◆ **Task to complete**
Within the entries below, find every line that has the string "closed", then copy it.
*** Data extracts Section Begins ***
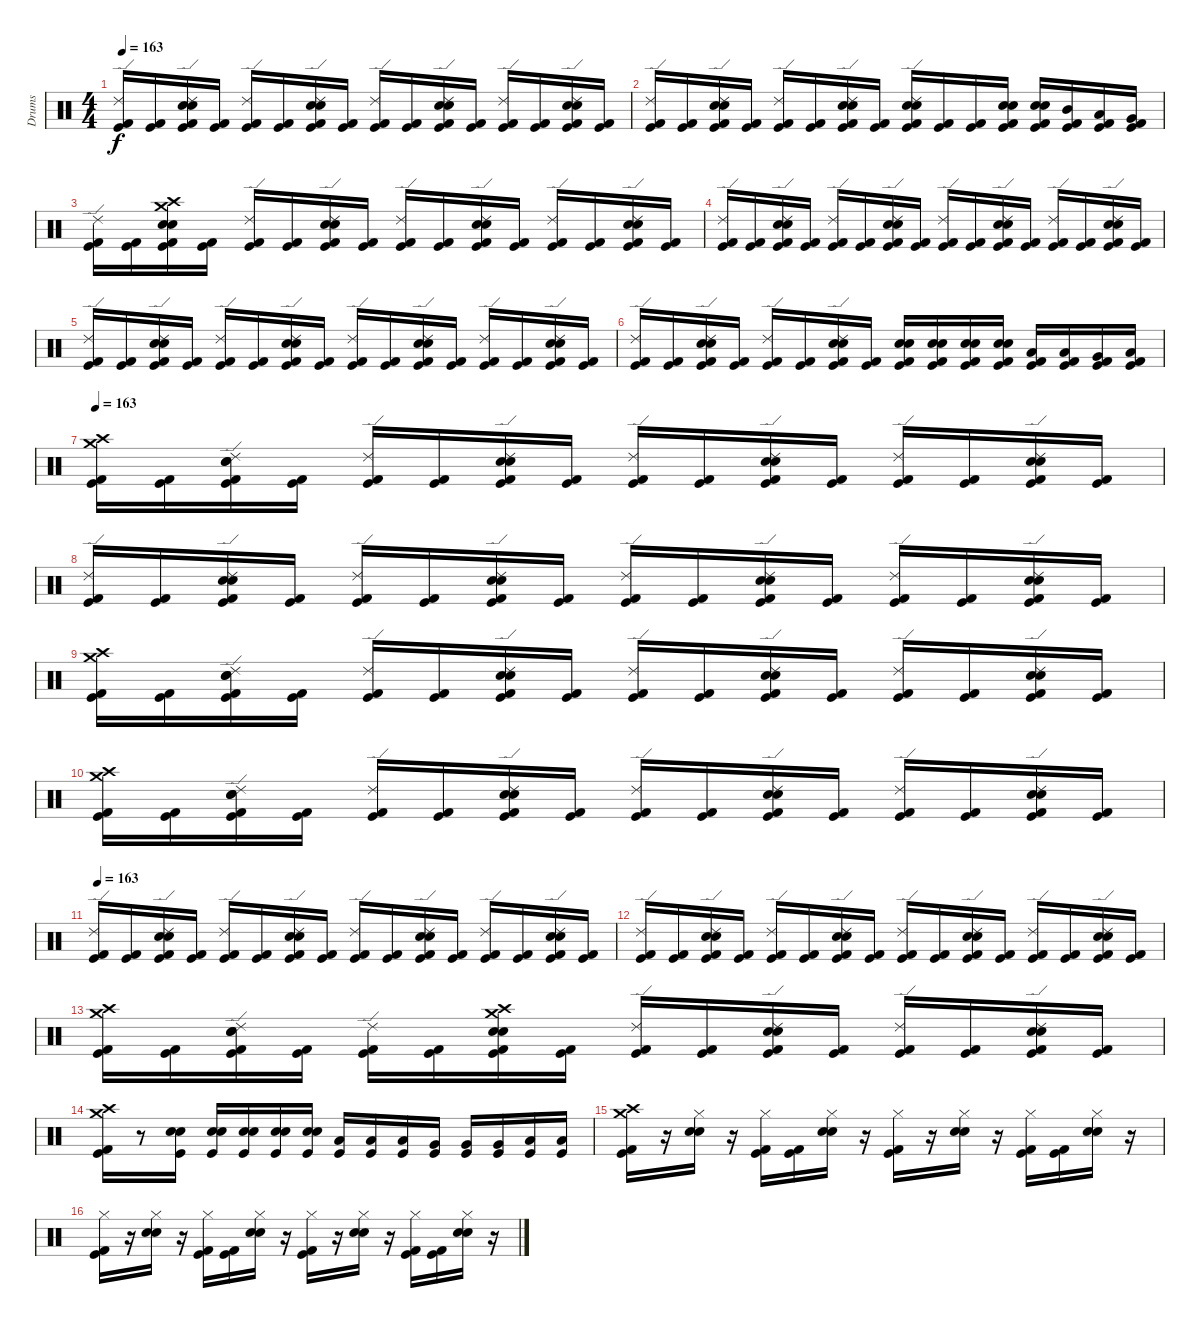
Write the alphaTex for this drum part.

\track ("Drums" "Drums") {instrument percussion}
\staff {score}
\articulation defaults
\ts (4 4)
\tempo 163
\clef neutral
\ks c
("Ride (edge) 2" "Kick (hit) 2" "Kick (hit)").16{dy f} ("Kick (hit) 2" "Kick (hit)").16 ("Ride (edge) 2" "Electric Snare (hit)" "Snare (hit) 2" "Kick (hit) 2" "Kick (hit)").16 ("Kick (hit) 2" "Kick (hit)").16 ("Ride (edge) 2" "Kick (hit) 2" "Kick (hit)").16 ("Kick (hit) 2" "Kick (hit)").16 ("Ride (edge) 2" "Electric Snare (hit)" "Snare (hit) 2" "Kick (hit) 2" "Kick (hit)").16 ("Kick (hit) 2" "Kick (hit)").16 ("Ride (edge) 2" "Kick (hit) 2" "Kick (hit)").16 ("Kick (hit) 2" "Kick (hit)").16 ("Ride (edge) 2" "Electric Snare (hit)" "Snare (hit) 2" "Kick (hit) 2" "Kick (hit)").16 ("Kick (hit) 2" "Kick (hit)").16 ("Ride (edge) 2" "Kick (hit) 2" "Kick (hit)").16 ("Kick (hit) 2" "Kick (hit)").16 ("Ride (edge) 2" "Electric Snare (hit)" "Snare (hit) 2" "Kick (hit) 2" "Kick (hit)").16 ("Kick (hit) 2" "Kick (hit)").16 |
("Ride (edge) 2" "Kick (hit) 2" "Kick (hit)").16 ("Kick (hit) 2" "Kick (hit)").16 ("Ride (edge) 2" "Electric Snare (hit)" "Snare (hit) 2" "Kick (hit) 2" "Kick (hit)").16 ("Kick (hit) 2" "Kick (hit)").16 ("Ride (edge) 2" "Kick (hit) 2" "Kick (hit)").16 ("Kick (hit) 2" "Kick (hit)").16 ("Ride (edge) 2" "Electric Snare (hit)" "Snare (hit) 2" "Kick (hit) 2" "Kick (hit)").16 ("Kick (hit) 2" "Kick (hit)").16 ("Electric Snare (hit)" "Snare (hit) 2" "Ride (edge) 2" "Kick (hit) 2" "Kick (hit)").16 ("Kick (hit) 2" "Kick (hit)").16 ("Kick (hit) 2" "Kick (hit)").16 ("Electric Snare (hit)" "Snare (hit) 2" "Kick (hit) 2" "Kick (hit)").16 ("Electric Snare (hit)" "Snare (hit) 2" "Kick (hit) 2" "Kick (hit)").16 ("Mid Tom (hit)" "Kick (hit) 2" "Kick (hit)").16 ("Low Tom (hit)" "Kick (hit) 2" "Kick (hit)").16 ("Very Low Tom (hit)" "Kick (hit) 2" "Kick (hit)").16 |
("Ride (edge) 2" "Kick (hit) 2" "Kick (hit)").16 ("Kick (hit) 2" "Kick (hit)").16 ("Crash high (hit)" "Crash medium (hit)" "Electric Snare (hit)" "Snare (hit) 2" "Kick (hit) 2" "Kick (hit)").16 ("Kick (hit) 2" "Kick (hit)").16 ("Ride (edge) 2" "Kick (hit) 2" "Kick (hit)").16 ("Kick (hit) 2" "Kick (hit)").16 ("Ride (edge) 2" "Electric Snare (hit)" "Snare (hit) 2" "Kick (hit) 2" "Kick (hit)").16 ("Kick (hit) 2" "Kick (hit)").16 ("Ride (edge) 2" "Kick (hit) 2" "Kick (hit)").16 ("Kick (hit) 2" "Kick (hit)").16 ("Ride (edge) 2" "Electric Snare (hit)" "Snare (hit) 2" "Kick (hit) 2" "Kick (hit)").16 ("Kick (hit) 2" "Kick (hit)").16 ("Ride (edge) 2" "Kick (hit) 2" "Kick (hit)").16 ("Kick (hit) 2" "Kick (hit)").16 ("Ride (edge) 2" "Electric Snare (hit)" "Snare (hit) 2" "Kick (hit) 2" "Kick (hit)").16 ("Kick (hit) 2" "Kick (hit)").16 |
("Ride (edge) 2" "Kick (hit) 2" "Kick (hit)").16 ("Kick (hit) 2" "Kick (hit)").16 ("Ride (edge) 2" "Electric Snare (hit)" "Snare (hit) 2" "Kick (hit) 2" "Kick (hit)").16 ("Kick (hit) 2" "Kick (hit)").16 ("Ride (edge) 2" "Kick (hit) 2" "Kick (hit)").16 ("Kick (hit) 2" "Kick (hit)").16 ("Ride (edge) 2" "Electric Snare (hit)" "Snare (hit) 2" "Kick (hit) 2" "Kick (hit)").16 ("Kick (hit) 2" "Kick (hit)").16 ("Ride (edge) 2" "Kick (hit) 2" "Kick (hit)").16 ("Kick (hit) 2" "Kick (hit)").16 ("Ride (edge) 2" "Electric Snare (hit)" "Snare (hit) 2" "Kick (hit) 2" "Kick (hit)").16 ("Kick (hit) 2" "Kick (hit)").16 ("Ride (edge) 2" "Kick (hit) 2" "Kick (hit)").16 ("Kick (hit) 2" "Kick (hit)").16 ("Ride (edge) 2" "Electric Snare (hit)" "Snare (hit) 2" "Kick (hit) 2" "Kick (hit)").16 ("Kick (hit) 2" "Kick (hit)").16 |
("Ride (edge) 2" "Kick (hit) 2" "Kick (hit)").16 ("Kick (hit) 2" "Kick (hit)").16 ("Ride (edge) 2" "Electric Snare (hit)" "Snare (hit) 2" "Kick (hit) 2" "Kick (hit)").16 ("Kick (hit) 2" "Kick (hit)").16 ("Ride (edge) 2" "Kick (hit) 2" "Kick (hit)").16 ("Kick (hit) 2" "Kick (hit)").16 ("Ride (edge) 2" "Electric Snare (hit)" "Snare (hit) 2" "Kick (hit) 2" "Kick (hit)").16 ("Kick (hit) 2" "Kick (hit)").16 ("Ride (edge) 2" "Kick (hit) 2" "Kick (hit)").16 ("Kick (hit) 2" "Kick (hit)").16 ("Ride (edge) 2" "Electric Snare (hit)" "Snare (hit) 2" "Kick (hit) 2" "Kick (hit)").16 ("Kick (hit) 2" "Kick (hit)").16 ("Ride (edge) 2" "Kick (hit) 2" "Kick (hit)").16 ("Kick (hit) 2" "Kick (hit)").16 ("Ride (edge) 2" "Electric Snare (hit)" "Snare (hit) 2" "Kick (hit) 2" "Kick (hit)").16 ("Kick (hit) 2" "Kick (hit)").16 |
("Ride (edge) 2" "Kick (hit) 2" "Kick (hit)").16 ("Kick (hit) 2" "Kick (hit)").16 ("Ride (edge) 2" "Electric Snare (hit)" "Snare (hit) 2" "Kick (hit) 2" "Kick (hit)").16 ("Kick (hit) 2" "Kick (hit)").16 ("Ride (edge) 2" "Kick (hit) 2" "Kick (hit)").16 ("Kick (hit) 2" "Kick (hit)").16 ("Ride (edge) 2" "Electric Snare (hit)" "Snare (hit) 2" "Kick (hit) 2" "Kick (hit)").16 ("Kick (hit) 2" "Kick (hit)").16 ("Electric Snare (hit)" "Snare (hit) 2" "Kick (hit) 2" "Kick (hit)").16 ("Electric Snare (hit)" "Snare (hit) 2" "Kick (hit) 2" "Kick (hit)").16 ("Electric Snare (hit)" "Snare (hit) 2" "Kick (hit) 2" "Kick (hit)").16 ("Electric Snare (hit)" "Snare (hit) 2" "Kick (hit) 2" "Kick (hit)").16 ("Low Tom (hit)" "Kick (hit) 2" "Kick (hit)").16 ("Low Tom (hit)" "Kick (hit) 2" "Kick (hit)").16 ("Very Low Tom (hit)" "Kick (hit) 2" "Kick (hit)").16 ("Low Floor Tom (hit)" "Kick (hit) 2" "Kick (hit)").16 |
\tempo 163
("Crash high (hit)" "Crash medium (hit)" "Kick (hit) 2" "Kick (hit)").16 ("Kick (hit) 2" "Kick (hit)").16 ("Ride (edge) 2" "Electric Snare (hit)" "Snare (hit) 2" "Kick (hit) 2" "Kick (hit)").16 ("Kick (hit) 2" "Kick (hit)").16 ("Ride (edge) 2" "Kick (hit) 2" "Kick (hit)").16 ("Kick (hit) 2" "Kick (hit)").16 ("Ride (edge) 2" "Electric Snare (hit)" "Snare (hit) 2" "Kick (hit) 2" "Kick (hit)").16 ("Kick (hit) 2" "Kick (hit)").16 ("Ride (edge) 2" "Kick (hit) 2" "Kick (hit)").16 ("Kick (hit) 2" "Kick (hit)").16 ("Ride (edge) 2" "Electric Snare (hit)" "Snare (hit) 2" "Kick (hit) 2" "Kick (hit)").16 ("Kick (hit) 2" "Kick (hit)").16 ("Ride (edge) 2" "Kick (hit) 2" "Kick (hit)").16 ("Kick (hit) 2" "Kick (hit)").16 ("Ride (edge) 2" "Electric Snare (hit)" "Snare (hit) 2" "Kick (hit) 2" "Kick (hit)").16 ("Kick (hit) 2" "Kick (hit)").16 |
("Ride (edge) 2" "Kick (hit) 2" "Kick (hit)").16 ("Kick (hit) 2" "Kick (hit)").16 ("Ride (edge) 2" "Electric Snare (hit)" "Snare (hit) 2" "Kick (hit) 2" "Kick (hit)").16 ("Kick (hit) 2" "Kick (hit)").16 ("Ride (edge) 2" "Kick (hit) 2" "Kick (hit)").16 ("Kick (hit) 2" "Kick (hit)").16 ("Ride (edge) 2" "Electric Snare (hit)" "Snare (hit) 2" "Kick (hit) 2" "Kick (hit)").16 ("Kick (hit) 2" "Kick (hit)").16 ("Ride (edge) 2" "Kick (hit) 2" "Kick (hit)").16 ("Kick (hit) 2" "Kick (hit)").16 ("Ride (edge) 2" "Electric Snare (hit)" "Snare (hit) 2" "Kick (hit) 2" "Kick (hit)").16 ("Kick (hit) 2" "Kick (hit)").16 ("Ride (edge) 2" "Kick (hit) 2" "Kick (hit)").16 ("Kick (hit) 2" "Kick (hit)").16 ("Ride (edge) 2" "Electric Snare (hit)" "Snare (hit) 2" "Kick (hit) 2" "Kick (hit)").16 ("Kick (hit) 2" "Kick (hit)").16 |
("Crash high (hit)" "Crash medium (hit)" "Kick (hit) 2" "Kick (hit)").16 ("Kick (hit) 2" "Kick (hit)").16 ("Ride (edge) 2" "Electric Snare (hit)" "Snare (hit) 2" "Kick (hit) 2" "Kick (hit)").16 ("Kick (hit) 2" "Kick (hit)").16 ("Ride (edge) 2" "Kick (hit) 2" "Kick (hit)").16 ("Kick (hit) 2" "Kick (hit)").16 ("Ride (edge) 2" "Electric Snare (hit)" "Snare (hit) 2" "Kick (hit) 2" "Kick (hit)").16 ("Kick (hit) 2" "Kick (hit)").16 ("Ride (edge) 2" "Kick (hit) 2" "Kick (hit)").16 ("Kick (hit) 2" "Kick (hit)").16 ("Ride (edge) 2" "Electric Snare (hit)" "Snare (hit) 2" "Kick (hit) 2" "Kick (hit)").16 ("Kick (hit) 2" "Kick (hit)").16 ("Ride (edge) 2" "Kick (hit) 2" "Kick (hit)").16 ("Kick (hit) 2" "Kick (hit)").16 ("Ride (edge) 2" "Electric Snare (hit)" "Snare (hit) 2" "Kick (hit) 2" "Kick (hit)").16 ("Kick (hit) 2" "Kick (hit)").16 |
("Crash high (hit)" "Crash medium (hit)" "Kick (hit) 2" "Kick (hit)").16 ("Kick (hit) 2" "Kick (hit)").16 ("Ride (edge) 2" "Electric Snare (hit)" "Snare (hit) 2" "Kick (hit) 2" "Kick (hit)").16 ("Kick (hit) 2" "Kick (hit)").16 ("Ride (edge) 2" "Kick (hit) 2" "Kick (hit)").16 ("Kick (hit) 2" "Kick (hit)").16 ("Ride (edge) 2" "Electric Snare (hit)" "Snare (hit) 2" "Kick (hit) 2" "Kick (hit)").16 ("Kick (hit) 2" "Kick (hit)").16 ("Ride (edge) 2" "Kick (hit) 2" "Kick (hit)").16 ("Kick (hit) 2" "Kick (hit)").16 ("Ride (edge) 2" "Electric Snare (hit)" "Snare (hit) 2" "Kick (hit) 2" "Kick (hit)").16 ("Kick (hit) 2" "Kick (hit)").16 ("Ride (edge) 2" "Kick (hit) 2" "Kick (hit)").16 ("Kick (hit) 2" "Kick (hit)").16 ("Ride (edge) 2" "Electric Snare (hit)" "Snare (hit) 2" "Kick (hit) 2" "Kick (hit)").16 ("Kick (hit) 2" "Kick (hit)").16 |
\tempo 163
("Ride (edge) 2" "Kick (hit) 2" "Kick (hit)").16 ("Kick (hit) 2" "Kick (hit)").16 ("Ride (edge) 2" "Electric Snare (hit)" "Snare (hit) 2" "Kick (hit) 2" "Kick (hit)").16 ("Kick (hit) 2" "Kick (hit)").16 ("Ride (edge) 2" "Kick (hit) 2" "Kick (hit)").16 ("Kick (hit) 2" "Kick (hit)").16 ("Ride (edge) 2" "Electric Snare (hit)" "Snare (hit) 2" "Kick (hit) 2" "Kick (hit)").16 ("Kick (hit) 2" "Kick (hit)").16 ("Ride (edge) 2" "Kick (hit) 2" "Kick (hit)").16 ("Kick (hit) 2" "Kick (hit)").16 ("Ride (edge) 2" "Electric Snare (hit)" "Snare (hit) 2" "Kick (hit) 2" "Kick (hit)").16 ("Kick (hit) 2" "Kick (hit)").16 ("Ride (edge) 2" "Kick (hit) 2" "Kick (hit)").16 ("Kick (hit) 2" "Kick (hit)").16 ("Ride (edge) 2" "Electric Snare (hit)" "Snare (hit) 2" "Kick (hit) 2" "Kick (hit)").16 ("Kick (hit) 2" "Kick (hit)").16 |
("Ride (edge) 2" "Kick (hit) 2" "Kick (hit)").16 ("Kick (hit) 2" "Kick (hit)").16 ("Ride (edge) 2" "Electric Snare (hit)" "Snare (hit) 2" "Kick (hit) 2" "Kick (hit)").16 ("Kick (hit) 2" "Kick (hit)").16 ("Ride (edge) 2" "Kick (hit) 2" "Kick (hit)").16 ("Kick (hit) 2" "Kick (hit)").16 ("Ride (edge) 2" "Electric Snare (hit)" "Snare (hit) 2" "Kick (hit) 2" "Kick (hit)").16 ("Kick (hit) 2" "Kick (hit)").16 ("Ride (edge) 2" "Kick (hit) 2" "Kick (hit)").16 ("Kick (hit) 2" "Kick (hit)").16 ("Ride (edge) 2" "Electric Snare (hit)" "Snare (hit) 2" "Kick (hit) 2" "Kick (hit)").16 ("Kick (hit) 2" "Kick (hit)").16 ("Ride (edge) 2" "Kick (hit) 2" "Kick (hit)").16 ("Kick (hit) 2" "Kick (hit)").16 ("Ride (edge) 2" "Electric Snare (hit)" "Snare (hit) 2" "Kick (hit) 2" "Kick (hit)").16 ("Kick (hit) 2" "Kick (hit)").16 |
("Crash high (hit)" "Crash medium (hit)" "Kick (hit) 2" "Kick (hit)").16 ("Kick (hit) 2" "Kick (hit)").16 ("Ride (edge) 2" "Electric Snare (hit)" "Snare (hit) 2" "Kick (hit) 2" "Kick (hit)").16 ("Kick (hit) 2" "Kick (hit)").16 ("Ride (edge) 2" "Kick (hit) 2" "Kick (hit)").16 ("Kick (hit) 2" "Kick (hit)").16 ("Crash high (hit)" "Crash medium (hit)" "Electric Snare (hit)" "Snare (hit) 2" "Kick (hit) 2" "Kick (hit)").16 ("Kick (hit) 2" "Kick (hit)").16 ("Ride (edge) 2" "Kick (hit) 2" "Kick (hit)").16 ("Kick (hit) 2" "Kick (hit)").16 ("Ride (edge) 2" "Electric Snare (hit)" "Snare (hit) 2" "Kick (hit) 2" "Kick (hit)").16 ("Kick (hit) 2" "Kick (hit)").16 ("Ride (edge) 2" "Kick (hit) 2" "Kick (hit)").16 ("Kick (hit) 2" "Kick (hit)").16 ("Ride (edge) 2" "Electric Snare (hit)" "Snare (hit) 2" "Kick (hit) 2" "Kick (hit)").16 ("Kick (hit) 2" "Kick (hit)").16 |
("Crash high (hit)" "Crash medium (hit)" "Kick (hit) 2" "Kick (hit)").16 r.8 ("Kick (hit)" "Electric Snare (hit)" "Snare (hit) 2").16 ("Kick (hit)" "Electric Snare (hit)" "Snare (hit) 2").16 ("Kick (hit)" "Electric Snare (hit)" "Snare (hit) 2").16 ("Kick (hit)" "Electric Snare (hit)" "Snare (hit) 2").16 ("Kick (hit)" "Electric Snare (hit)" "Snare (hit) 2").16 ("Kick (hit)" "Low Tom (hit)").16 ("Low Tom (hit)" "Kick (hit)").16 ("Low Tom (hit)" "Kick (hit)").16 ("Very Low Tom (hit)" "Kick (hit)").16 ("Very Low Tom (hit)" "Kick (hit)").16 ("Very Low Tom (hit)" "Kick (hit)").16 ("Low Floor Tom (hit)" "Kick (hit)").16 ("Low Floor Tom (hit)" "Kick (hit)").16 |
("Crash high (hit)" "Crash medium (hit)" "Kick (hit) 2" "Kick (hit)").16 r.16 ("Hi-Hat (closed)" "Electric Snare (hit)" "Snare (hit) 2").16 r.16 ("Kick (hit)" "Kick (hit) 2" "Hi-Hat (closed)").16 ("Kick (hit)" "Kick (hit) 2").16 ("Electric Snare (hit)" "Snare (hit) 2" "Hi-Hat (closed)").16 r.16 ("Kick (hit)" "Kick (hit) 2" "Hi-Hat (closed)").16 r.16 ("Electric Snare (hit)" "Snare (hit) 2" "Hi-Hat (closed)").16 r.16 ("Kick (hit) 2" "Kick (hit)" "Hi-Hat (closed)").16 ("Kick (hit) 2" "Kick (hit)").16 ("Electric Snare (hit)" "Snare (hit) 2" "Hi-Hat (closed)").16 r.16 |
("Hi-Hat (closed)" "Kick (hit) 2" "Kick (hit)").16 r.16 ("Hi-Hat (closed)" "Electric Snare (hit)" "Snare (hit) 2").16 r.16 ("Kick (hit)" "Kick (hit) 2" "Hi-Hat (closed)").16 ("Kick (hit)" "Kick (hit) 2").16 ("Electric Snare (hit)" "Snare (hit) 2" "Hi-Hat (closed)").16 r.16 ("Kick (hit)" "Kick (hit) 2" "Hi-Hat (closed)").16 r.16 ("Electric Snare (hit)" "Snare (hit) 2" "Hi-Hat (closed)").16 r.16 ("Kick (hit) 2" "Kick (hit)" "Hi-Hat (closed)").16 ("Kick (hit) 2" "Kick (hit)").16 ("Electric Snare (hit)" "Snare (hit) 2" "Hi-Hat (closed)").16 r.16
*** Data extracts Section Ends ***
◆ **Result for this task**
("Crash high (hit)" "Crash medium (hit)" "Kick (hit) 2" "Kick (hit)").16 r.16 ("Hi-Hat (closed)" "Electric Snare (hit)" "Snare (hit) 2").16 r.16 ("Kick (hit)" "Kick (hit) 2" "Hi-Hat (closed)").16 ("Kick (hit)" "Kick (hit) 2").16 ("Electric Snare (hit)" "Snare (hit) 2" "Hi-Hat (closed)").16 r.16 ("Kick (hit)" "Kick (hit) 2" "Hi-Hat (closed)").16 r.16 ("Electric Snare (hit)" "Snare (hit) 2" "Hi-Hat (closed)").16 r.16 ("Kick (hit) 2" "Kick (hit)" "Hi-Hat (closed)").16 ("Kick (hit) 2" "Kick (hit)").16 ("Electric Snare (hit)" "Snare (hit) 2" "Hi-Hat (closed)").16 r.16 |
("Hi-Hat (closed)" "Kick (hit) 2" "Kick (hit)").16 r.16 ("Hi-Hat (closed)" "Electric Snare (hit)" "Snare (hit) 2").16 r.16 ("Kick (hit)" "Kick (hit) 2" "Hi-Hat (closed)").16 ("Kick (hit)" "Kick (hit) 2").16 ("Electric Snare (hit)" "Snare (hit) 2" "Hi-Hat (closed)").16 r.16 ("Kick (hit)" "Kick (hit) 2" "Hi-Hat (closed)").16 r.16 ("Electric Snare (hit)" "Snare (hit) 2" "Hi-Hat (closed)").16 r.16 ("Kick (hit) 2" "Kick (hit)" "Hi-Hat (closed)").16 ("Kick (hit) 2" "Kick (hit)").16 ("Electric Snare (hit)" "Snare (hit) 2" "Hi-Hat (closed)").16 r.16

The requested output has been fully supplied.